Lately I have so much guilt on my heart.
I never thought I would choose being a working mom over a stay at home mama. When I left corporate America 3 years ago, i said never again. I couldn't imagine ever not being here for my babies.
Fate found me in a grocery store one day in June. I walked in to get food for a friend in need, and out with a job interview.
I remember getting in the car and being so unbelievably excited, yet so very guilty. I didnt even think about care for my kids I just was excited to do something that I was passionate about. But I wanted to keep a secret. I was scared of judgement from being so vocal about leaving a full time job for a stay at home gig. Would people think I failed ? Would they question my income? Would they gossip?
It became a spiral leading to no where good.

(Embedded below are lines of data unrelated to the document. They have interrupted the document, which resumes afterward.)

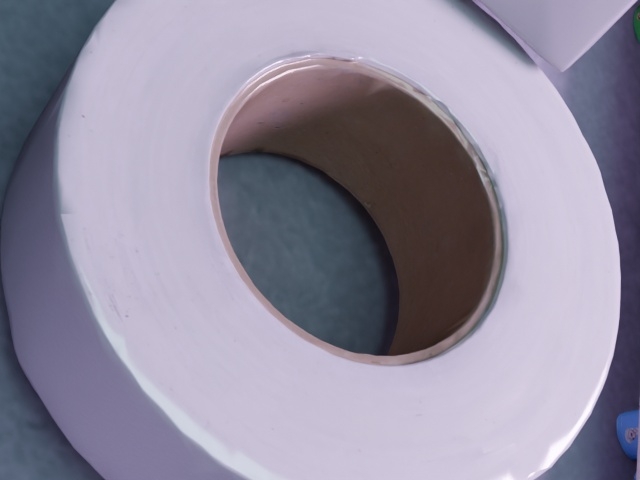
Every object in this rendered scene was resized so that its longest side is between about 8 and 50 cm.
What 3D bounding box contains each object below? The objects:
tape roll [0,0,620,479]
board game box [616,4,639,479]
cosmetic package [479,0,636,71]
[{"bbox_3d":[0.000,0.000,0.615,0.286,0.100,0.286,11,64,-23],"label":"tape roll"},{"bbox_3d":[0.353,0.025,0.844,0.389,0.050,0.390,15,69,-24],"label":"board game box"},{"bbox_3d":[0.038,-0.277,0.658,0.365,0.155,0.197,37,24,-14],"label":"cosmetic package"}]
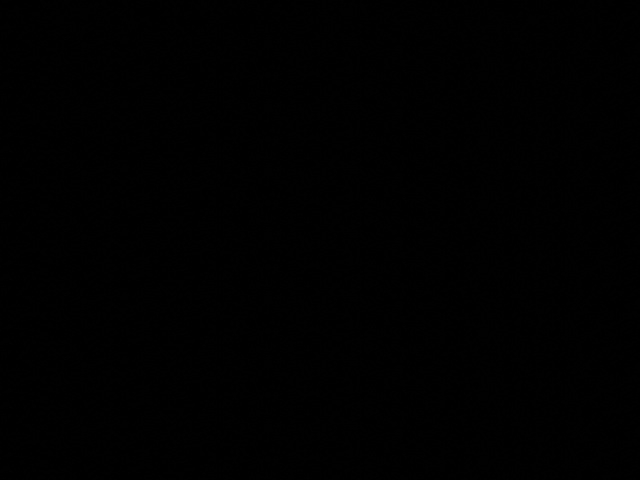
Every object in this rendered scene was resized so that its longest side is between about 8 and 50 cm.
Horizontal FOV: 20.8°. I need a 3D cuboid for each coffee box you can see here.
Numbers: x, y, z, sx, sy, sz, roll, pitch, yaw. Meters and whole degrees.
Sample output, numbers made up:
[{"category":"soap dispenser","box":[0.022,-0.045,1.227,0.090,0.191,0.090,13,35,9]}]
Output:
[{"category":"coffee box","box":[0.049,0.041,0.183,0.338,0.337,0.334,22,-24,-38]}]
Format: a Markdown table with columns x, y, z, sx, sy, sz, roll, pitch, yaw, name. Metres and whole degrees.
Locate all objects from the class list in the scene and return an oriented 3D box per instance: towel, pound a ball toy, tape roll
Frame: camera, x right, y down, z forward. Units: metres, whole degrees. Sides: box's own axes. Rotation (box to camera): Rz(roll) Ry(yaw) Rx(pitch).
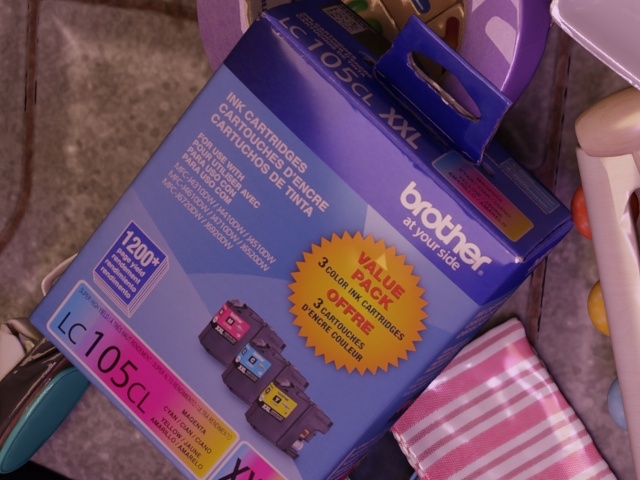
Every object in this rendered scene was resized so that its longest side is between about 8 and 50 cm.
| x | y | z | sx | sy | sz | roll | pitch | yaw | name |
| --- | --- | --- | --- | --- | --- | --- | --- | --- | --- |
| 0.153 | 0.179 | 1.541 | 0.144 | 0.029 | 0.197 | -31 | 89 | -11 | towel |
| 0.251 | 0.032 | 1.404 | 0.136 | 0.208 | 0.319 | -8 | 100 | 26 | pound a ball toy |
| 0.042 | -0.192 | 1.494 | 0.275 | 0.090 | 0.275 | 6 | 104 | 22 | tape roll |

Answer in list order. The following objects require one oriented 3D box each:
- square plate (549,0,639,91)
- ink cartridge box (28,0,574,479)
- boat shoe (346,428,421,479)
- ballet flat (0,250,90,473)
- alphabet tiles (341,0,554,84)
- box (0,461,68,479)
| x | y | z | sx | sy | sz | roll | pitch | yaw | name |
| --- | --- | --- | --- | --- | --- | --- | --- | --- | --- |
| 0.386 | -0.182 | 1.237 | 0.344 | 0.049 | 0.347 | 37 | 107 | -14 | square plate |
| 0.000 | 0.000 | 1.432 | 0.270 | 0.151 | 0.395 | 43 | 114 | 8 | ink cartridge box |
| 0.100 | 0.232 | 1.586 | 0.258 | 0.089 | 0.109 | 41 | 115 | 10 | boat shoe |
| -0.230 | 0.086 | 1.700 | 0.280 | 0.095 | 0.096 | -48 | 72 | 15 | ballet flat |
| 0.076 | -0.305 | 1.506 | 0.285 | 0.011 | 0.342 | -31 | 89 | 27 | alphabet tiles |
| -0.386 | 0.357 | 1.780 | 0.343 | 0.179 | 0.312 | 21 | 112 | 18 | box |
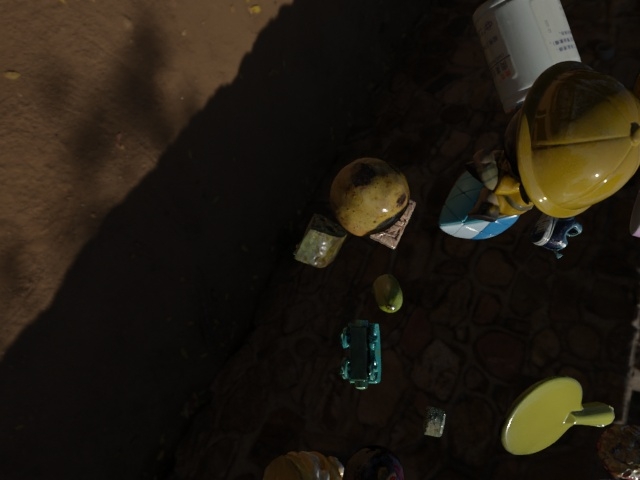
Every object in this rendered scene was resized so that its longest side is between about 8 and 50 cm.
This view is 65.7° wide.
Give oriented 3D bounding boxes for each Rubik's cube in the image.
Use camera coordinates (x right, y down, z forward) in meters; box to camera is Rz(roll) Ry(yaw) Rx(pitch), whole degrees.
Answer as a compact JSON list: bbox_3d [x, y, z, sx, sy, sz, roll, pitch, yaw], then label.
[{"bbox_3d":[0.487,-0.085,1.536,0.254,0.254,0.254,-26,121,-55],"label":"Rubik's cube"}]

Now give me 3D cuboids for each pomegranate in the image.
[{"bbox_3d":[0.165,-0.150,1.691,0.281,0.281,0.281,-26,121,-55],"label":"pomegranate"}]

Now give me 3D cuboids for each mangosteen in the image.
[{"bbox_3d":[0.127,0.540,1.112,0.152,0.152,0.152,-26,121,-55],"label":"mangosteen"}]

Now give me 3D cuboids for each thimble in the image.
[{"bbox_3d":[0.378,0.601,1.651,0.084,0.062,0.110,-73,168,-49],"label":"thimble"}]

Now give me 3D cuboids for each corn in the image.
[{"bbox_3d":[0.496,0.324,0.765,0.237,0.079,0.079,21,80,-43],"label":"corn"}]

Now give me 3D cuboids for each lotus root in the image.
[{"bbox_3d":[0.000,0.000,1.527,0.235,0.138,0.119,-57,168,-74],"label":"lotus root"}]

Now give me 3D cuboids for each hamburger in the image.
[{"bbox_3d":[-0.033,0.796,1.547,0.237,0.276,0.276,14,86,-34],"label":"hamburger"}]

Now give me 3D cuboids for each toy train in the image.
[{"bbox_3d":[0.126,0.339,1.496,0.163,0.112,0.203,28,62,-70],"label":"toy train"}]

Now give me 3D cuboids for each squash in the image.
[{"bbox_3d":[0.276,0.224,2.019,0.186,0.123,0.123,-94,-179,-69],"label":"squash"}]

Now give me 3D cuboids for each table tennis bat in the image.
[{"bbox_3d":[0.573,0.415,1.185,0.369,0.054,0.224,9,110,-27],"label":"table tennis bat"}]

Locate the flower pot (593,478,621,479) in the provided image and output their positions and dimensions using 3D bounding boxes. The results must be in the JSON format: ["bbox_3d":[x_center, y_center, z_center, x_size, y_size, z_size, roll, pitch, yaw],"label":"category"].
[{"bbox_3d":[0.832,0.847,1.391,0.243,0.265,0.265,-77,156,-45],"label":"flower pot"}]

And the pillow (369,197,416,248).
[{"bbox_3d":[0.285,-0.087,1.938,0.232,0.126,0.043,-62,-172,-16],"label":"pillow"}]

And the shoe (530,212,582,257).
[{"bbox_3d":[0.687,-0.051,1.410,0.207,0.106,0.091,-55,180,-16],"label":"shoe"}]

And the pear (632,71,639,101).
[{"bbox_3d":[0.652,-0.246,0.790,0.281,0.281,0.280,-26,121,-55],"label":"pear"}]

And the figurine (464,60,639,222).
[{"bbox_3d":[0.306,-0.113,0.660,0.257,0.167,0.192,111,3,-77],"label":"figurine"}]

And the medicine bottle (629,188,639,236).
[{"bbox_3d":[1.087,-0.075,1.400,0.256,0.325,0.256,-46,145,-47],"label":"medicine bottle"}]

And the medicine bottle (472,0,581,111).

Last week I found myself questioning am I still a mom if one child is at camp gigi while the other is at daycare? And the worst part, I freaking love my job. So leaving isnt hard. . I should be crying in my car, yet I found my singing on the way in. But mom guilt convinced me that I shouldn't feel this way
Mom guilt is a sneaky little bitch that finds it's way into your mind. It tries to bring your down and forget that you were an amazing human before you gave birth to amazing humans.
Fate has found me again though, in the last three days I have gotten so much one on one time with this sweet girl. Yeah she might be sick, but sick means snuggly.
And did you know that snuggles cure mom guilt 99.9% of the time ?
My point Is friends....
stay at home mom, working mom, part time custody mom, adopted mom, all moms, we are amazing humans that raise amazing humans.
We deserve to have joy outside our children. We deserve the sneaky bitch that is mom guilt to be silenced while we find ourselves again.